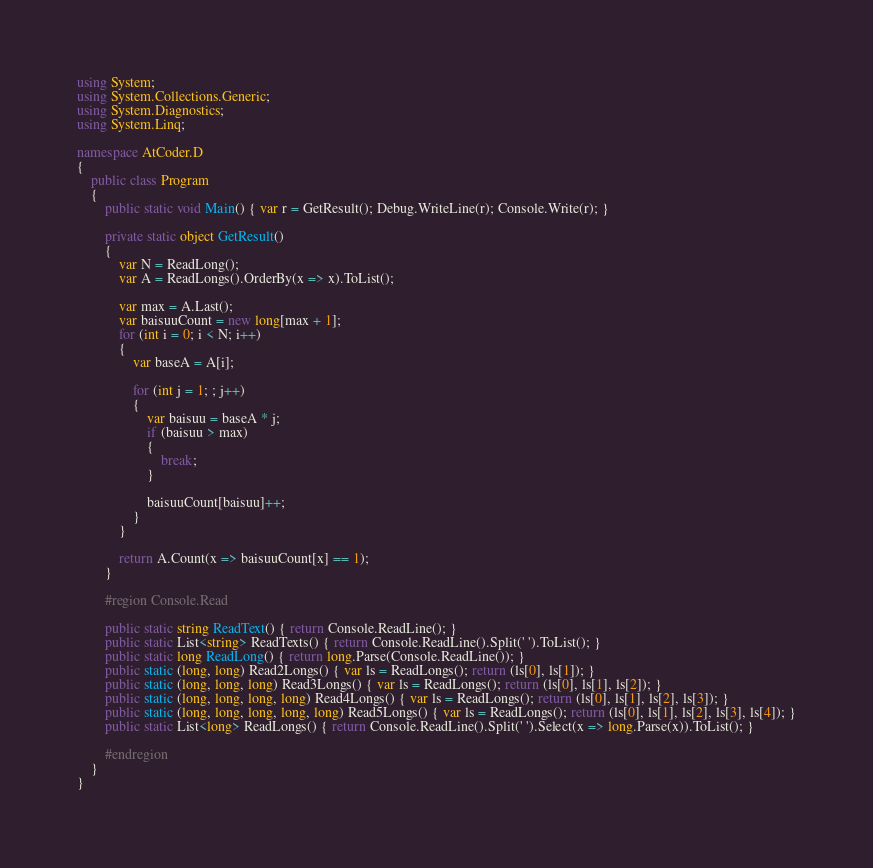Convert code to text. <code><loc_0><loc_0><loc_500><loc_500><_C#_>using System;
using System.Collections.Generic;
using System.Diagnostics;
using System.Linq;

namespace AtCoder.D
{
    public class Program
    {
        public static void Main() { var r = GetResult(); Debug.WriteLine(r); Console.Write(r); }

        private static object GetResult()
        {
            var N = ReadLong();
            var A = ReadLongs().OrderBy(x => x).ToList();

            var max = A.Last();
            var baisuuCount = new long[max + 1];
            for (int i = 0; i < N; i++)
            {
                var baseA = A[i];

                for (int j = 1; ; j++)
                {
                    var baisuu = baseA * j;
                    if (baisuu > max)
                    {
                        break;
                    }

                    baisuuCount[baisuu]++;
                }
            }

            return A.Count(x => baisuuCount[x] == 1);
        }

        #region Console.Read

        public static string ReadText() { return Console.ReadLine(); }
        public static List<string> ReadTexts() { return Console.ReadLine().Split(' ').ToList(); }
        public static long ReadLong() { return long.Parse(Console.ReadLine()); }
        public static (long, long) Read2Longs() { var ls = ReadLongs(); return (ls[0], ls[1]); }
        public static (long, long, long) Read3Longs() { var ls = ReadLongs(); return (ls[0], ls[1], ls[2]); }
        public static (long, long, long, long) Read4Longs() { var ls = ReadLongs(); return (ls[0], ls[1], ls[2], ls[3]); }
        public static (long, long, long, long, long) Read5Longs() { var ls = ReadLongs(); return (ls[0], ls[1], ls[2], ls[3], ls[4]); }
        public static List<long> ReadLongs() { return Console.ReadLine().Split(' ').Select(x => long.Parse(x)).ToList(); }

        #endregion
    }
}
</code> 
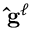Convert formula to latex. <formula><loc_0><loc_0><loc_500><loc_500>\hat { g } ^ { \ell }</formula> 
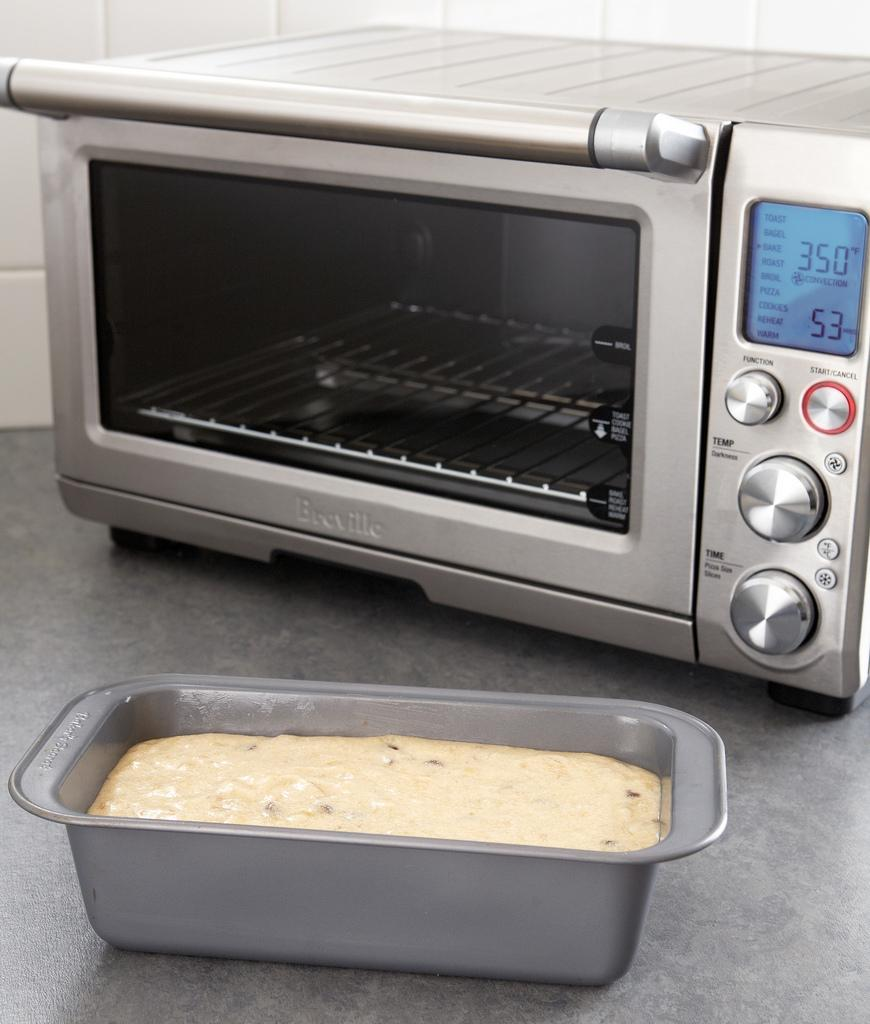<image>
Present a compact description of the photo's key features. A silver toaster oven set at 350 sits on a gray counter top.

------------------------------------------------

The task calls for every line of the material that contains the string "Console".

        public static void Main() { var r = GetResult(); Debug.WriteLine(r); Console.Write(r); }
        #region Console.Read
        public static string ReadText() { return Console.ReadLine(); }
        public static List<string> ReadTexts() { return Console.ReadLine().Split(' ').ToList(); }
        public static long ReadLong() { return long.Parse(Console.ReadLine()); }
        public static List<long> ReadLongs() { return Console.ReadLine().Split(' ').Select(x => long.Parse(x)).ToList(); }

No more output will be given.